Thrifting, menurut Intan, sejatinya adalah gerakan mengumpulkan barang bekas yang kemudian dijual. Hasil penjualan digunakan untuk amal, donasi, atau kegiatan sosial lain.
"Misal, kamu bikin garage sale untuk ibu-ibu yang kena dampak pandemi, enggak kerja lagi, ibu tukang sayur, itu bisa masuk thrifting. Kalau beli dari Gedebage, itu cuma beli second-hand," ujar Intan saat berbincang dengan CNNIndonesia.com, beberapa waktu lalu.
Menilik sejarahnya di dunia, kultur thrifting sebenarnya sudah dimulai sejak lebih dari satu abad lalu. Mengutip Time, pada akhir abad ke-19, berbagai wilayah di Amerika Serikat (AS) tumbuh pesat. Revolusi industri memperkenalkan produksi massal pakaian yang dianggap banyak orang sebagai sekali pakai.
Akibatnya, banyak barang yang dibuang. Dalam periode ini-lah, gerakan barang-barang second-hand pun bermunculan dalam upaya menemukan kegunaan baru sebuah barang.
Lihat Juga : |
Organisasi Salvation Army dan Goodwill kala itu berperan besar mengembangkan konsep thrifting.
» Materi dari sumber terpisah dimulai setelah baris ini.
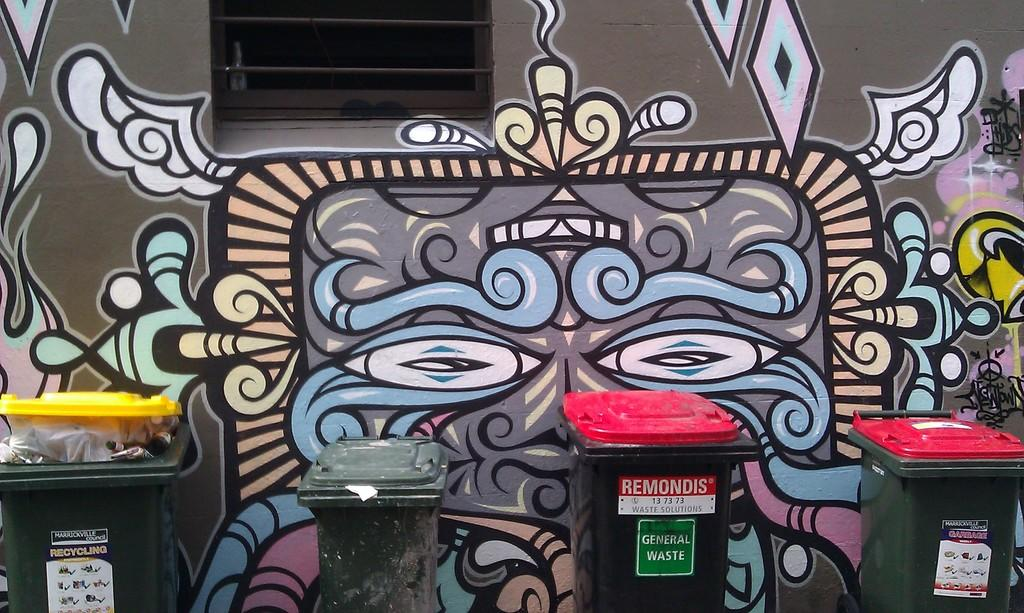Provide a one-sentence caption for the provided image. A door is marked with a green General Waste sign.

Mereka mengumpulkan baju-baju bekas untuk kemudian dijual untuk para imigran dengan harga yang jauh lebih murah.
Namun, kala itu pakaian bekas masih mendapatkan stigma negatif. Pakaian bekas dianggap sebagai tanda ekonomi yang terhimpit. Memang, kala itu pengguna pakaian bekas umumnya merupakan imigran yang datang mencari peruntungan ke AS.
Tren semakin berkembang saat era grunge mulai digilai. Kurt Cobain, sebagai panutan remaja kala itu, mempopulerkan dandanan slengean dengan kaus bolong, kemeja flanel, dan celana jin yang sobek. Di mana lagi orang mendapatkan barang-barang seperti itu selain di thrift store?
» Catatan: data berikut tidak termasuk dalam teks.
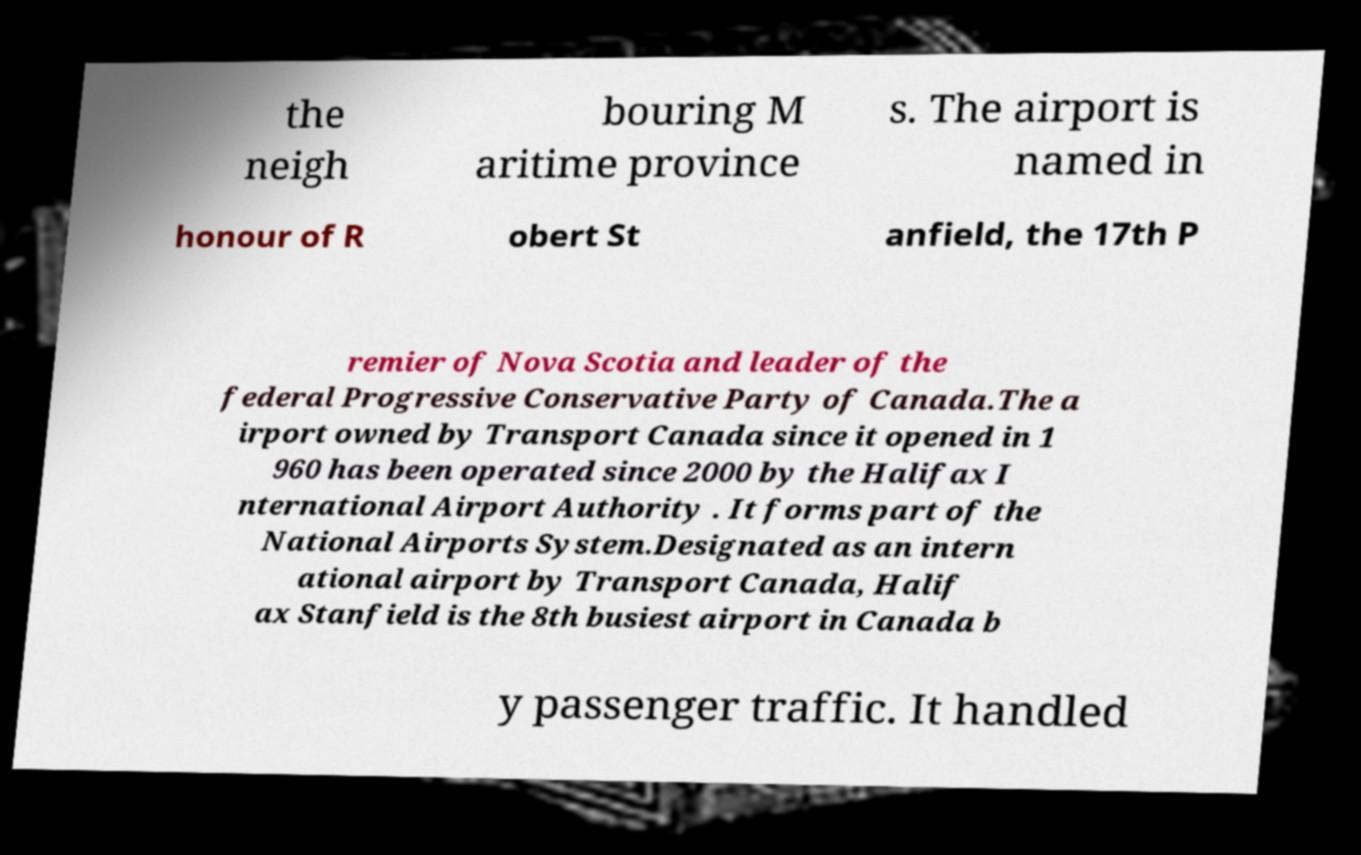I need the written content from this picture converted into text. Can you do that? the neigh bouring M aritime province s. The airport is named in honour of R obert St anfield, the 17th P remier of Nova Scotia and leader of the federal Progressive Conservative Party of Canada.The a irport owned by Transport Canada since it opened in 1 960 has been operated since 2000 by the Halifax I nternational Airport Authority . It forms part of the National Airports System.Designated as an intern ational airport by Transport Canada, Halif ax Stanfield is the 8th busiest airport in Canada b y passenger traffic. It handled

Di Indonesia sendiri, budaya belanja baju bekas diperkirakan telah ada sejak 1980-an.
"Sudah lama, ya. Dulu kalangan atas nyebutnya, ya, ini vintage. Nah, kalau untuk yang kalangan bawah memang murni karena faktor kebutuhan. Tapi tentu kualitas barang bekasnya juga berbeda," kata Sonny saat dihubungi CNNIndonesia.com, September lalu.
Budaya thrift di kalangan menengah atas biasanya hanya seputar membeli barang atau baju yang memiliki nilai tertentu. Misalnya, baju yang pernah dipakai tokoh tertentu. Meski bekas, nilai sejarah yang ada di balik barang tersebut membuatnya tetap diburu.
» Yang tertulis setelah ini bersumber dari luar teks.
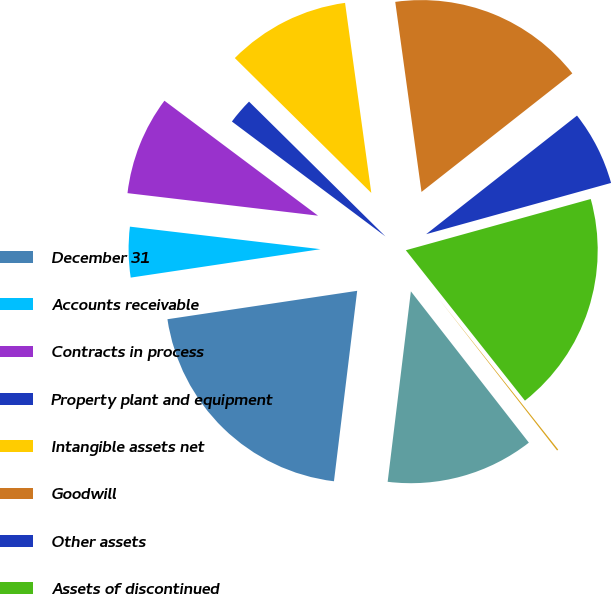<chart> <loc_0><loc_0><loc_500><loc_500><pie_chart><fcel>December 31<fcel>Accounts receivable<fcel>Contracts in process<fcel>Property plant and equipment<fcel>Intangible assets net<fcel>Goodwill<fcel>Other assets<fcel>Assets of discontinued<fcel>Accounts payable<fcel>Other liabilities<nl><fcel>20.7%<fcel>4.24%<fcel>8.35%<fcel>2.18%<fcel>10.41%<fcel>16.58%<fcel>6.3%<fcel>18.64%<fcel>0.12%<fcel>12.47%<nl></chart>

Hal berbeda berlaku di kalangan menengah bawah. Bagi mereka, thrifting adalah perkara kebutuhan. Membeli baju bekas dengan harga murah jadi pilihan untuk memenuhi kebutuhan dengan ekonomi terhimpit.
"Kalau dulu yang kalangan menengah ke bawah tidak peduli labelnya apa, siapa yang pernah pakai baju itu, yang penting murah," jelasnya.
Pergeseran budaya
Thrifting sekarang tak sama dengan thrifting yang dulu. Ada pergeseran budaya yang membuatnya mengalami sedikit perubahan.
Sonny melihat, hal ini didasari oleh kekuatan media sosial yang membuat budaya thrifting terlihat lebih keren. Kampanye pemanasan global juga memberi pengaruh besar terhadap fenomena thrifting di kalangan muda-mudi.
"Jadi sekarang orang yang belanja baju bekas itu keren," ujar Sonny. Mereka dianggap berkontribusi memerangi pemanasan global dan membuat umur Bumi lebih panjang dengan memanfaatkan barang bekas.
Pikiran-pikiran seperti di atas, menurut Sonny, mulai tertanam dalam benak banyak anak muda masa kini. Belum lagi peran influencer yang turut membikin thrifting makin dielu-elukan.
Hal serupa juga diungkapkan oleh pengamat sosial dan budaya dari Universitas Indonesia Devie Rahmawati. Katanya, media sosial membawa pengaruh yang cukup besar dalam perkembangan thrifting saat ini.
Kata 'thrifting' dan 'barang bekas' pun bergeser. Jika dulu dianggap sesuatu yang sedikit memalukan, justru kini dianggap keren hingga membantu kelestarian Bumi.
"Ada pengaruh social media juga yang mempromosikan budaya ini. Biasanya dimulai oleh para konten kreator yang punya reputasi, dan tahu sendiri anak muda kita kebanyakan FOMO," kata dia saat dihubungi.
Dengan dalih melestarikan bumi, budaya thrifting yang semula dianggap sebagai cara berhemat bergeser jadi sesuatu yang keren. Bahkan, mulai muncul para pemengaruh atau influencer yang mempertontonkan bagaimana cara memadupadankan baju bekas yang dibeli di pasar loak.